ÓRGÃO ESPECIAL
RESOLUÇÃO
ADMINISTRATIVA Nº 38/2023
(Disponibilizado em 13/6/2023 no DEJT, Caderno Administrativo)
Dispõe
sobre o atendimento de pessoas em situação de rua no âmbito Tribunal Regional
do Trabalho da 1ª Região.
O PRESIDENTE
DO TRIBUNAL REGIONAL DO TRABALHO DA PRIMEIRA REGIÃO, no uso de suas atribuições legais e
regimentais, tendo em vista o decidido, por unanimidade, pelo Órgão Especial, reunido em Sessão Ordinária, no dia 1º
de junho de 2023,
CONSIDERANDO a Resolução nº 425 do CNJ que
instituiu no âmbito do Poder Judiciário a Política Nacional
Judicial de atenção a Pessoas em Situação de Rua e suas interseccionalidades, visando assegurar o amplo acesso à
justiça a pessoas em situação de rua de forma rápida e simplificada com
atendimento humanizado e personalizado. Considerando a necessidade de
contribuir para a superação de barreiras que são decorrentes da vulnerabilidade
econômica e social, bem como da situação de precariedade ou ausência de
habitação;
CONSIDERANDO que a situação de rua é permeada pela
pobreza e pelo não acesso a diversos direitos garantidos constitucionalmente;
CONSIDERANDO os princípios de respeito à dignidade
da pessoa humana, da não criminalização das pessoas em situação de rua e promoção
ao acesso de direitos da cidadania e políticas públicas, dentre outros
princípios que asseguram direitos e reduzem riscos e danos físicos e sociais. Considerando
a necessidade de efetividade no acesso à justiça e a garantia de um processo
justo, bem como ao dever do Poder Judiciário de atuar como agente transformador
da realidade social, inclusive articulando entidades, órgãos e pessoas
interessadas na promoção de direitos das pessoas em situação de rua, e
CONSIDERANDO o art. 3º da CRFB, visando o objetivo
da construção de uma sociedade livre, justa e solidária, a necessidade de
erradicar a pobreza e a marginalização, reduzir as desigualdades sociais regionais
e promover o bem de todos sem preconceito de origem, raça, sexo, cor e idade, e
quaisquer outras formas de descriminação;
RESOLVE:
Art. 1º Para efeitos desta resolução, considera-se população em situação de rua, o grupo
populacional composto por pessoas de diferentes realidades que possuem em comum
a condição de pobreza extrema, vínculos familiares interrompidos ou
fragilizados e a falta de moradia convencional regular, sendo então obrigada a utilizar
as ruas, os espaços públicos e as áreas degradadas como espaço de moradia, seja
de forma temporária ou permanente, bem como as unidades de acolhimento para
pernoite.
Art. 2º Os processos que envolvam
pessoas em situação de rua neste Regional deverão ser
identificados com um chip vermelho no PJe, a fim de
que sejam garantidos os direitos e o tratamento prioritário, desburocratizado e
humanizado, devendo a abordagem observar as seguintes diretrizes:
a) Ética e respeito à dignidade,
diversidade e não discriminação;
b) Respeito à singularidade e à
autonomia na reconstrução de trajetórias de vidas, ao compromisso de ouvir e
acolher sem posturas de julgamento;
c) Observância da comunicação com
linguagem acessível; e
d) Impedimento de ações vexatórias.
Art. 3º A pessoa em situação de rua
deve ter pleno acesso às dependências de todas as Unidades deste Regional, não
podendo ser impeditivo, vestimenta e condições de higiene, ficando garantido que
o atendimento a esse público independe de prévio agendamento.
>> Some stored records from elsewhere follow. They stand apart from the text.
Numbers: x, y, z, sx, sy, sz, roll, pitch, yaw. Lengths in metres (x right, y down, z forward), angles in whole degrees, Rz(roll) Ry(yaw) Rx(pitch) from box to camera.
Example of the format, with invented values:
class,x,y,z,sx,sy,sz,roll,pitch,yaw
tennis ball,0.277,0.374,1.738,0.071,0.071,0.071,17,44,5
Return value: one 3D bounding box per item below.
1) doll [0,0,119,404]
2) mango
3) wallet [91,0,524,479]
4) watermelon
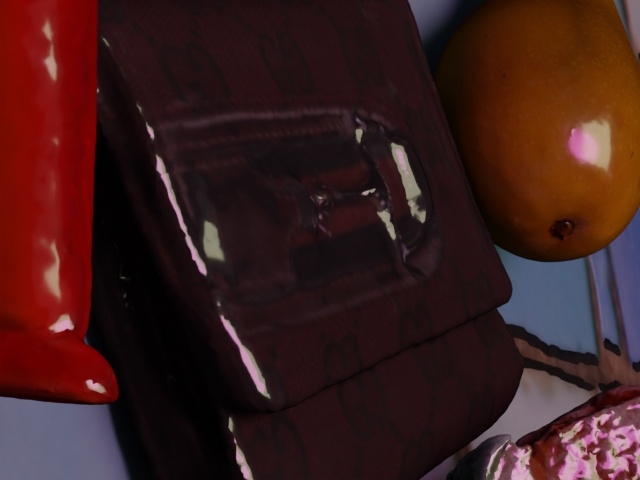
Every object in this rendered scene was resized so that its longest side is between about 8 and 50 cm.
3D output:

§ 1º No atendimento à mulher em
situação de rua será garantido o livre exercício da maternidade, amamentação,
além da atenção à criança que esteja sob seus cuidados.
§ 2º Deverá o setor responsável pela
segurança do Tribunal adequar seu fluxo de acesso às dependências físicas dos
prédios deste Regional para cumprimento desta resolução, observado atendimento
personalizado e humanizado a esse público, em harmonia com as práticas de zelo
a segurança de todos os usuários dos Prédios da Justiça.
§ 3º Em cada prédio do Tribunal,
deverá ser destinado local para acondicionamento provisório, quando necessário,
dos pertences de grandes volumes das pessoas em situação de rua, inclusive, carrinhos
de coleta de material reciclável, durante o atendimento no interior do prédio
da Justiça, e sempre que possível, com local e guia para prender os animais de
estimação.
Art. 4º A pessoa em situação de rua
não precisa estar de posse do seu documento de Identificação, comprovante de
residência ou qualquer outro documento relacionado ao direito que ela busca exercer
e caso se trate de criança e adolescente que procure a justiça, também não é
necessário que estejam acompanhados por um responsável.
Art. 5º Para oportunizar o exercício
do direito das pessoas em situação de rua, as Unidades deste Regional que
possuem Varas do Trabalho, devem propiciar um atendimento preliminar para prestação
de informações e resolução dos entraves do efetivo acesso à justiça, ficando
estabelecida a criação de um espaço destinado à recepção e acolhida em cada
Prédio deste Regional, Setor de Primeiro atendimento à população em situação de
rua, para exercício da escuta ativa, triagem e encaminhamentos necessários.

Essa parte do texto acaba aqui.